In this case, it can be seen that similarly to Scenario 1, KNN and KNNSAP are not dropping localization requests when the number of spoofed APs increases. Moreover, the SFKNN algorithm again achieved the highest number of dropped requests. However, it should be noted that in Scenario 2 the the drop rate did not achieve 100%, which is due to the fact that some requests included spoofed APs from a nearby building and thus the algorithm was not able to detect the spoofing.

Mean localization errors achieved in Scenario 2 are summarized in Table 5. From the table, it can be seen that this scenario had a higher impact on the mean localization error of the implemented algorithms since realistic fingerprints were used for spoofing.

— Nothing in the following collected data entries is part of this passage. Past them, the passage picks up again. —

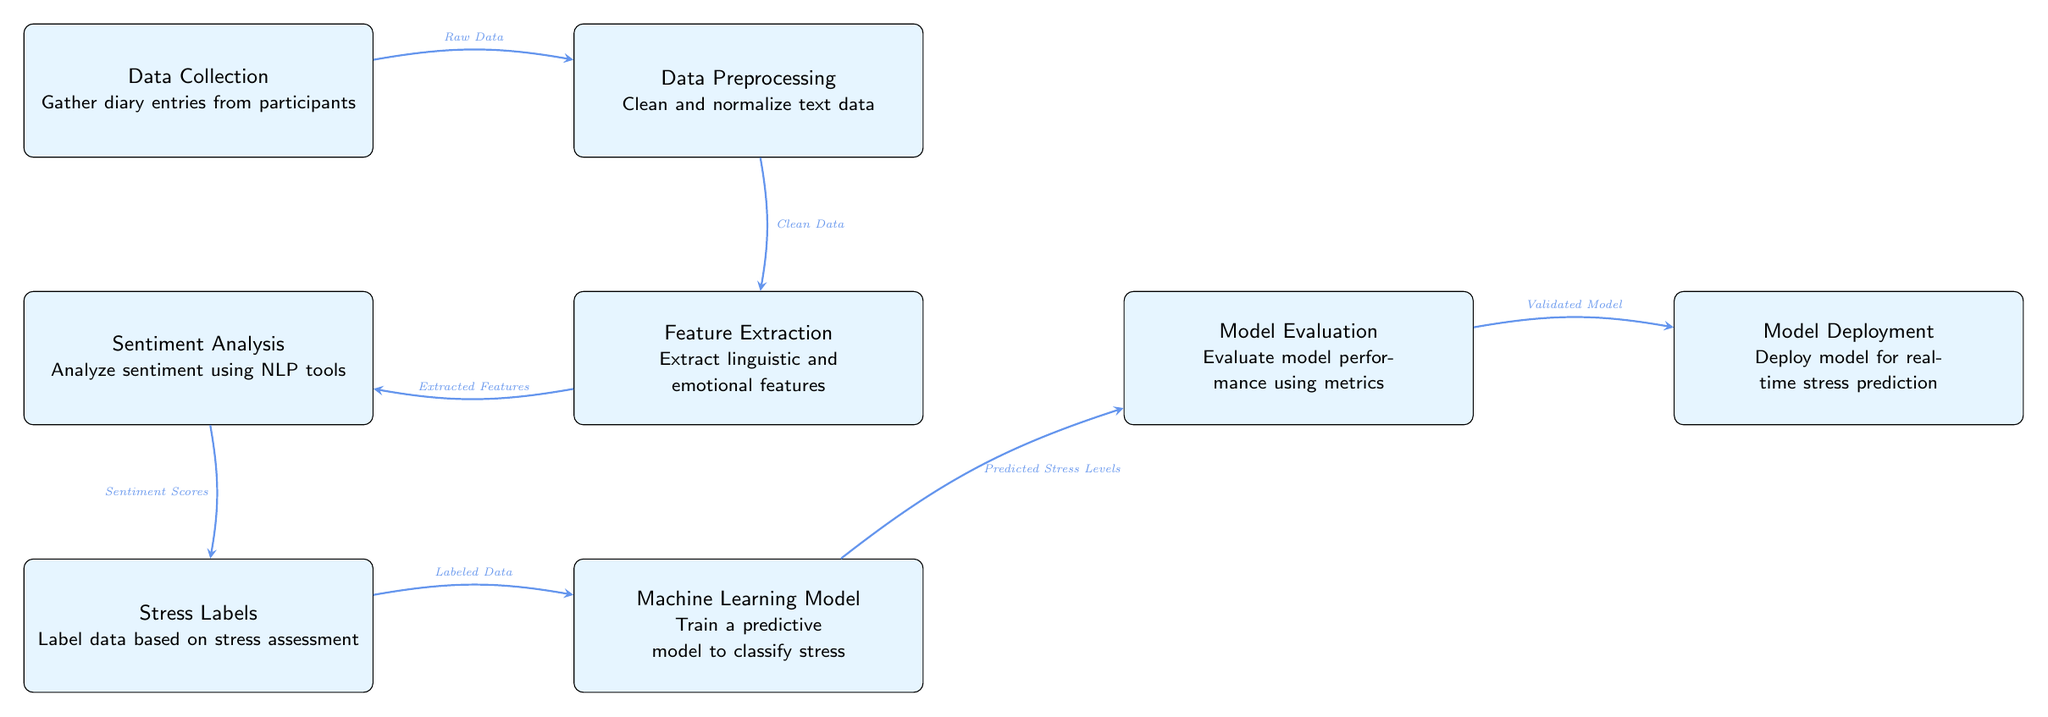What is the first step in the diagram? The first step in the diagram is "Data Collection," where diary entries from participants are gathered. This is indicated at the top left of the flowchart and serves as the initial process to gather raw data.
Answer: Data Collection How many nodes are represented in the diagram? By counting all the distinct boxes in the diagram, we see there are 7 nodes: Data Collection, Data Preprocessing, Feature Extraction, Sentiment Analysis, Stress Labels, Machine Learning Model, Model Evaluation, and Model Deployment.
Answer: 7 What type of data flows from "Data Collection" to "Data Preprocessing"? The flow from "Data Collection" to "Data Preprocessing" is labeled "Raw Data," indicating that the initial collected diary entries are sent for processing. This is shown as an arrow connecting these two steps in the diagram.
Answer: Raw Data What happens after "Model Evaluation"? After "Model Evaluation," the next step is "Model Deployment," meaning the validated model is then deployed for real-time stress prediction. This connection is made with an arrow pointing from evaluation to deployment.
Answer: Model Deployment Which node is responsible for labeling the data? The "Stress Labels" node is responsible for labeling the data based on stress assessment. This is illustrated in the diagram with an arrow leading into "Machine Learning Model," indicating the importance of labeled data for training.
Answer: Stress Labels What type of features are extracted during "Feature Extraction"? During "Feature Extraction," linguistic and emotional features are extracted from the diary entries. The diagram specifies these features in the description of this node, showing the focus on aspects relevant to stress prediction.
Answer: Linguistic and emotional features How is the model performance assessed in the diagram? Model performance is assessed in the "Model Evaluation" step, where the model is evaluated using specific metrics. This indicates that performance is gauged after predictions are made and before deployment occurs.
Answer: Model Evaluation What is the primary goal of the "Machine Learning Model" node? The primary goal of the "Machine Learning Model" node is to train a predictive model to classify stress levels based on the previously labeled data. This functionality is clearly indicated in the description associated with this node.
Answer: Train a predictive model to classify stress

KNNSAP achieved the lowest mean localization error when the number of spoofed APs was low. When the number of spoofed APs increased the localization error was similar to basic KNN.

On the other hand, SFKNN achieved the second-lowest mean localization error when the number of spoofed APs was low. Moreover, the impact of the higher number of spoofed APs was the smallest for the SFKNN algorithm. Thus, with the highest number of spoofed APs, the SFKNN algorithm achieved the lowest localization errors.

Similar to Scenario 1, the CNNLoc achieved much worse localization performance when spoofed APs were introduced. Therefore, it can be concluded that the spoofing of APs has a significant impact on ML-based methods. Thus, the implementation of filtering to reduce the impact of spoofing should be considered.

Statistical parameters of localization errors achieved for 5 and 10 spoofed APs in both scenarios are shown in Figure 5 and Figure 6, respectively. Boxplots of errors achieved in Scenario 1 are presented in blue color, while errors achieved in Scenario 2 are shown in red.

From Figure 5 it can be seen that the statistical parameters of the localization errors are very similar, which is in line with the mean error values presented in the tables above. The statistical parameters of localization error deviate only for SFKNN in Scenario 1, since the majority of localization requests were filtered out, and therefore, the uncertainty of the achieved median value is extremely large.

On the other hand, when analyzing the data presented in Figure 6 for 10 spoofed APs, it can be seen that the difference between Scenario 1 and Scenario 2 is more significant. SFKNN did filter out all positioning requests in Scenario 1; therefore, there is one boxplot missing in the figure.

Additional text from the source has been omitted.